Try it
Every record below should be written out exactly; pictures stay out.

"""

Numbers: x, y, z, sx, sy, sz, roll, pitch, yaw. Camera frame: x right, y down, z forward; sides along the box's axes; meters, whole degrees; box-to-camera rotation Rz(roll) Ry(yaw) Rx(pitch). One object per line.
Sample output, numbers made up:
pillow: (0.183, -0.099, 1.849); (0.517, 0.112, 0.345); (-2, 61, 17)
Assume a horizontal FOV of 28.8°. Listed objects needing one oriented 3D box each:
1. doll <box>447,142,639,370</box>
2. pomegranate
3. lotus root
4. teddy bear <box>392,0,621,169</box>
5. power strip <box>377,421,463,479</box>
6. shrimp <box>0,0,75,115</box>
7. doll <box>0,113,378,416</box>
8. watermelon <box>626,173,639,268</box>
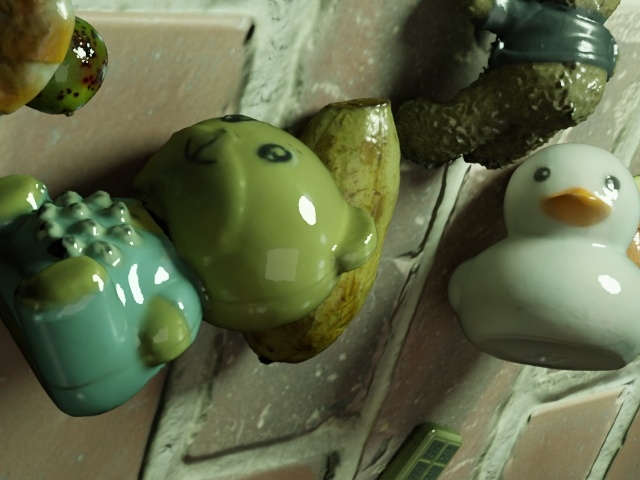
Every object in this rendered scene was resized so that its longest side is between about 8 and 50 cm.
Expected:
doll: (0.237, 0.016, 1.231); (0.221, 0.221, 0.251); (-41, 162, -9)
pomegranate: (-0.173, -0.125, 0.815); (0.073, 0.073, 0.084); (10, 99, -46)
lotus root: (0.000, 0.000, 1.051); (0.110, 0.097, 0.258); (-2, 119, -38)
teddy bear: (0.187, -0.152, 1.064); (0.182, 0.129, 0.251); (7, 117, -47)
power strip: (0.094, 0.280, 1.413); (0.076, 0.028, 0.169); (23, 104, -50)
shrimp: (-0.235, -0.147, 0.752); (0.166, 0.049, 0.161); (-14, 107, 0)
doll: (-0.102, 0.008, 0.902); (0.261, 0.177, 0.161); (-27, 132, -20)
watermelon: (0.335, -0.012, 1.364); (0.163, 0.087, 0.069); (-45, 171, -1)
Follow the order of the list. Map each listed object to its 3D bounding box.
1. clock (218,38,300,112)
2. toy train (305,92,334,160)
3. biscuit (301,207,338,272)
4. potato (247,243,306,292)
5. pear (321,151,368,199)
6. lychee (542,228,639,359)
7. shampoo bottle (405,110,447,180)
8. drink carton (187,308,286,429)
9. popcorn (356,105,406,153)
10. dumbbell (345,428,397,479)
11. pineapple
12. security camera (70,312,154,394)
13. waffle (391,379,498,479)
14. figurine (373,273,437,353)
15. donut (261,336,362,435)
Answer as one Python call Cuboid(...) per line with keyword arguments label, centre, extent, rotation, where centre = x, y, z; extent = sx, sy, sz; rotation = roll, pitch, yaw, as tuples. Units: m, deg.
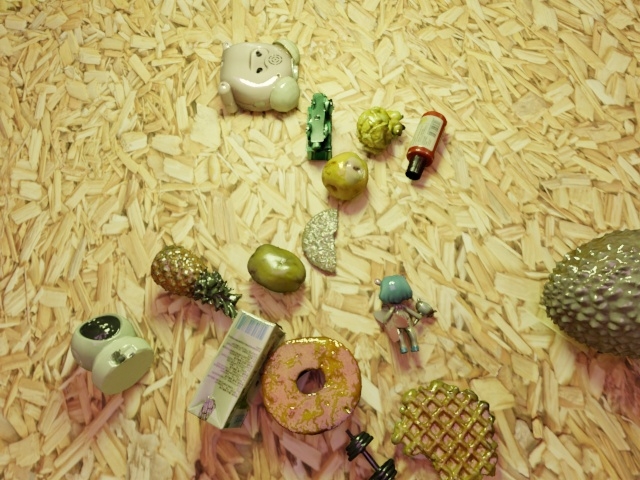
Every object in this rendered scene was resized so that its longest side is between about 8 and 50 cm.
Cuboid(label="clock", centre=(-0.246, -0.691, 1.736), extent=(0.325, 0.184, 0.342), rotation=(0, 72, -1))
Cuboid(label="toy train", centre=(0.001, -0.442, 1.613), extent=(0.115, 0.154, 0.269), rotation=(-2, 66, 5))
Cuboid(label="biscuit", centre=(-0.003, -0.003, 1.495), extent=(0.133, 0.032, 0.250), rotation=(1, 68, 6))
Cuboid(label="potato", centre=(-0.147, 0.097, 1.406), extent=(0.200, 0.137, 0.154), rotation=(31, 72, 17))
Cuboid(label="pear", centre=(0.095, -0.239, 1.515), extent=(0.178, 0.178, 0.178), rotation=(-2, 67, 4))
Cuboid(label="lychee", centre=(0.870, 0.146, 1.182), extent=(0.432, 0.380, 0.380), rotation=(-8, 65, 21))
Cuboid(label="shampoo bottle", centre=(0.391, -0.353, 1.572), extent=(0.104, 0.104, 0.278), rotation=(20, 70, 12))
Cuboid(label="drink carton", centre=(-0.243, 0.386, 1.260), extent=(0.132, 0.194, 0.325), rotation=(21, 71, 14))
Cuboid(label="popcorn", centre=(0.225, -0.442, 1.594), extent=(0.195, 0.168, 0.173), rotation=(-45, 33, -24))
Cuboid(label="dumbbell", centre=(0.144, 0.627, 1.181), extent=(0.099, 0.099, 0.208), rotation=(-40, 69, -12))
Cuboid(label="pineapple", centre=(-0.398, 0.149, 1.396), extent=(0.340, 0.169, 0.169), rotation=(29, 72, 12))
Cuboid(label="security camera", centre=(-0.674, 0.343, 1.321), extent=(0.236, 0.194, 0.194), rotation=(37, 74, 23))
Cuboid(label="waffle", centre=(0.369, 0.565, 1.213), extent=(0.300, 0.058, 0.282), rotation=(15, 68, 12))
Cuboid(label="figurine", centre=(0.278, 0.227, 1.336), extent=(0.205, 0.103, 0.260), rotation=(-11, 66, 0))
Cuboid(label="donut", centre=(-0.024, 0.437, 1.268), extent=(0.302, 0.110, 0.303), rotation=(-1, 66, 3))
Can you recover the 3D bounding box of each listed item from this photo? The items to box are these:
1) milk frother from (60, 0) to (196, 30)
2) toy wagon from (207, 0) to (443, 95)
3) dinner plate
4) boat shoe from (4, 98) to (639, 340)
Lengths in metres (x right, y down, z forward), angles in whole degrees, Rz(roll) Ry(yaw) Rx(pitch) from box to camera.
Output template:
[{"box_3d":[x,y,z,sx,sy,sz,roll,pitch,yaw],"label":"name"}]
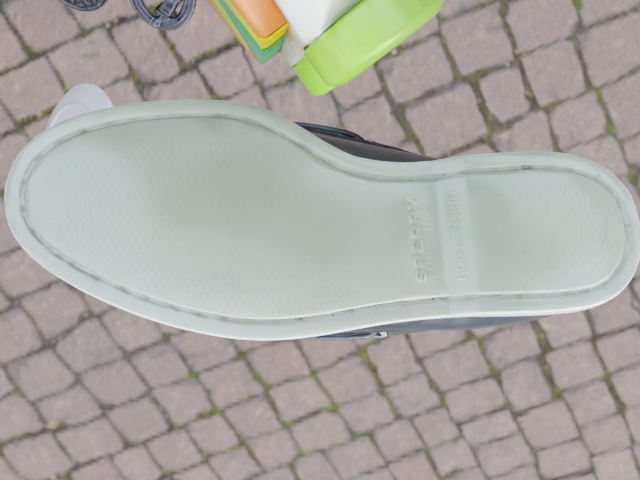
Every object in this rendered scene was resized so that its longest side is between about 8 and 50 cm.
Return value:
[{"box_3d":[-0.161,-0.266,1.001,0.143,0.135,0.129,48,137,-13],"label":"milk frother"},{"box_3d":[-0.060,-0.174,0.409,0.068,0.344,0.267,-38,97,2],"label":"toy wagon"},{"box_3d":[-0.272,-0.105,1.199,0.017,0.141,0.141,9,130,-49],"label":"dinner plate"},{"box_3d":[0.000,-0.004,0.615,0.340,0.113,0.127,-2,80,-12],"label":"boat shoe"}]
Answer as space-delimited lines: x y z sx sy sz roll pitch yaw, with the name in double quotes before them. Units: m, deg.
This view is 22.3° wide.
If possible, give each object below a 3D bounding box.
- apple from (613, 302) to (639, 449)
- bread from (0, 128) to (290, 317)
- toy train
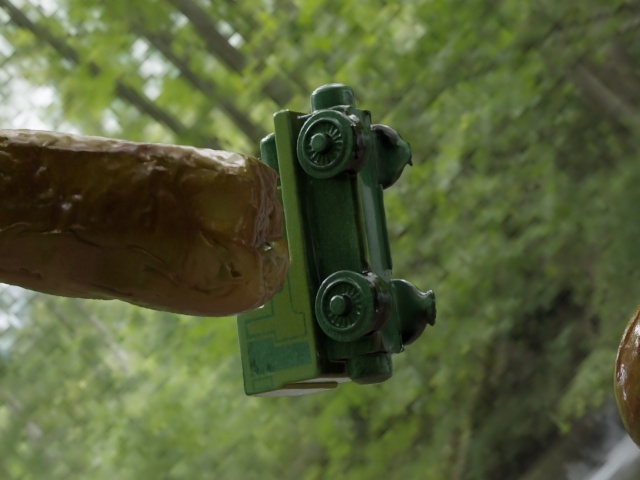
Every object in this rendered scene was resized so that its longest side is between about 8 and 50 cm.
"apple" 0.344 0.113 1.382 0.188 0.188 0.174 -39 -36 -34
"bread" -0.202 -0.018 1.485 0.195 0.344 0.149 12 -95 -80
"toy train" 0.000 0.000 1.976 0.237 0.369 0.150 -15 -13 37
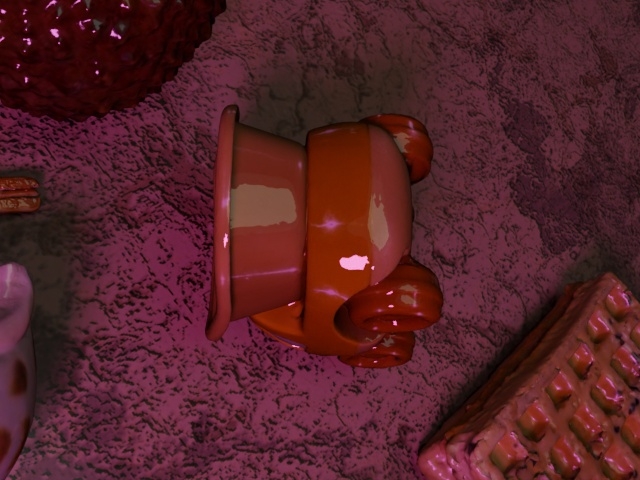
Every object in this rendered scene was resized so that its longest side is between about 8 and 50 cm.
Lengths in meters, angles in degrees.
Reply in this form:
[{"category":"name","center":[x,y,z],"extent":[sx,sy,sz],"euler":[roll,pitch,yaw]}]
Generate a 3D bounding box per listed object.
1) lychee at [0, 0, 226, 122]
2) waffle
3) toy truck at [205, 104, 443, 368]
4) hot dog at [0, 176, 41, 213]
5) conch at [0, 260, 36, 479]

"""

Exercise output
Numbers: x, y, z, sx, sy, sz, roll, pitch, yaw. Camera frame: x right, y down, z forward; sides along the box's axes; meters, whole degrees; box-to-camera rotation Rz(roll) Ry(yaw) Rx(pitch). One object per line.
Sample output, numbers made up:
pillow: (0.183, -0.099, 1.849); (0.517, 0.112, 0.345); (-2, 61, 17)
Assume a horizontal FOV of 28.8°. Listed objects needing one oriented 3D box each:
1. doll <box>447,142,639,370</box>
2. pomegranate
3. lotus root
4. teddy bear <box>392,0,621,169</box>
5. power strip <box>377,421,463,479</box>
6. shrimp <box>0,0,75,115</box>
7. doll <box>0,113,378,416</box>
8. watermelon <box>626,173,639,268</box>
Every object in this rendered scene was resized so that its longest side is between about 8 and 50 cm.
Expected:
doll: (0.237, 0.016, 1.231); (0.221, 0.221, 0.251); (-41, 162, -9)
pomegranate: (-0.173, -0.125, 0.815); (0.073, 0.073, 0.084); (10, 99, -46)
lotus root: (0.000, 0.000, 1.051); (0.110, 0.097, 0.258); (-2, 119, -38)
teddy bear: (0.187, -0.152, 1.064); (0.182, 0.129, 0.251); (7, 117, -47)
power strip: (0.094, 0.280, 1.413); (0.076, 0.028, 0.169); (23, 104, -50)
shrimp: (-0.235, -0.147, 0.752); (0.166, 0.049, 0.161); (-14, 107, 0)
doll: (-0.102, 0.008, 0.902); (0.261, 0.177, 0.161); (-27, 132, -20)
watermelon: (0.335, -0.012, 1.364); (0.163, 0.087, 0.069); (-45, 171, -1)
Follow the order of the list. Map each listed object to its 3D bounding box.
1. clock (218,38,300,112)
2. toy train (305,92,334,160)
3. biscuit (301,207,338,272)
4. potato (247,243,306,292)
5. pear (321,151,368,199)
6. lychee (542,228,639,359)
7. shampoo bottle (405,110,447,180)
8. drink carton (187,308,286,429)
9. popcorn (356,105,406,153)
10. dumbbell (345,428,397,479)
11. pineapple
12. security camera (70,312,154,394)
13. waffle (391,379,498,479)
14. figurine (373,273,437,353)
15. donut (261,336,362,435)
Answer as one Python call Cuboid(...) per line with keyword arguments label, centre, extent, rotation, where centre = x, y, z; extent = sx, sy, sz; rotation = roll, pitch, yaw, as tuples. Units: m, deg.
Every object in this rendered scene was resized so that its longest side is between about 8 and 50 cm.
Cuboid(label="clock", centre=(-0.246, -0.691, 1.736), extent=(0.325, 0.184, 0.342), rotation=(0, 72, -1))
Cuboid(label="toy train", centre=(0.001, -0.442, 1.613), extent=(0.115, 0.154, 0.269), rotation=(-2, 66, 5))
Cuboid(label="biscuit", centre=(-0.003, -0.003, 1.495), extent=(0.133, 0.032, 0.250), rotation=(1, 68, 6))
Cuboid(label="potato", centre=(-0.147, 0.097, 1.406), extent=(0.200, 0.137, 0.154), rotation=(31, 72, 17))
Cuboid(label="pear", centre=(0.095, -0.239, 1.515), extent=(0.178, 0.178, 0.178), rotation=(-2, 67, 4))
Cuboid(label="lychee", centre=(0.870, 0.146, 1.182), extent=(0.432, 0.380, 0.380), rotation=(-8, 65, 21))
Cuboid(label="shampoo bottle", centre=(0.391, -0.353, 1.572), extent=(0.104, 0.104, 0.278), rotation=(20, 70, 12))
Cuboid(label="drink carton", centre=(-0.243, 0.386, 1.260), extent=(0.132, 0.194, 0.325), rotation=(21, 71, 14))
Cuboid(label="popcorn", centre=(0.225, -0.442, 1.594), extent=(0.195, 0.168, 0.173), rotation=(-45, 33, -24))
Cuboid(label="dumbbell", centre=(0.144, 0.627, 1.181), extent=(0.099, 0.099, 0.208), rotation=(-40, 69, -12))
Cuboid(label="pineapple", centre=(-0.398, 0.149, 1.396), extent=(0.340, 0.169, 0.169), rotation=(29, 72, 12))
Cuboid(label="security camera", centre=(-0.674, 0.343, 1.321), extent=(0.236, 0.194, 0.194), rotation=(37, 74, 23))
Cuboid(label="waffle", centre=(0.369, 0.565, 1.213), extent=(0.300, 0.058, 0.282), rotation=(15, 68, 12))
Cuboid(label="figurine", centre=(0.278, 0.227, 1.336), extent=(0.205, 0.103, 0.260), rotation=(-11, 66, 0))
Cuboid(label="donut", centre=(-0.024, 0.437, 1.268), extent=(0.302, 0.110, 0.303), rotation=(-1, 66, 3))
Can you recover the 3D bounding box of each listed item from this photo? The items to box are these:
1) milk frother from (60, 0) to (196, 30)
2) toy wagon from (207, 0) to (443, 95)
3) dinner plate
4) boat shoe from (4, 98) to (639, 340)
Lengths in metres (x right, y down, z forward), angles in whole degrees, Rz(roll) Ry(yaw) Rx(pitch) from box to camera.
Output template:
[{"box_3d":[x,y,z,sx,sy,sz,roll,pitch,yaw],"label":"name"}]
Every object in this rendered scene was resized so that its longest side is between about 8 and 50 cm.
Return value:
[{"box_3d":[-0.161,-0.266,1.001,0.143,0.135,0.129,48,137,-13],"label":"milk frother"},{"box_3d":[-0.060,-0.174,0.409,0.068,0.344,0.267,-38,97,2],"label":"toy wagon"},{"box_3d":[-0.272,-0.105,1.199,0.017,0.141,0.141,9,130,-49],"label":"dinner plate"},{"box_3d":[0.000,-0.004,0.615,0.340,0.113,0.127,-2,80,-12],"label":"boat shoe"}]
Answer as space-delimited lines: x y z sx sy sz roll pitch yaw, with the name in double quotes before them. Units: m, deg.
This view is 22.3° wide.
If possible, give each object below a 3D bounding box.
- apple from (613, 302) to (639, 449)
- bread from (0, 128) to (290, 317)
- toy train
Every object in this rendered scene was resized so that its longest side is between about 8 and 50 cm.
"apple" 0.344 0.113 1.382 0.188 0.188 0.174 -39 -36 -34
"bread" -0.202 -0.018 1.485 0.195 0.344 0.149 12 -95 -80
"toy train" 0.000 0.000 1.976 0.237 0.369 0.150 -15 -13 37
Every object in this rendered scene was resized so that its longest side is between about 8 and 50 cm.
Lengths in meters, angles in degrees.
Reply in this form:
[{"category":"name","center":[x,y,z],"extent":[sx,sy,sz],"euler":[roll,pitch,yaw]}]
Generate a 3D bounding box per listed object.
1) lychee at [0, 0, 226, 122]
2) waffle
3) toy truck at [205, 104, 443, 368]
4) hot dog at [0, 176, 41, 213]
5) conch at [0, 260, 36, 479]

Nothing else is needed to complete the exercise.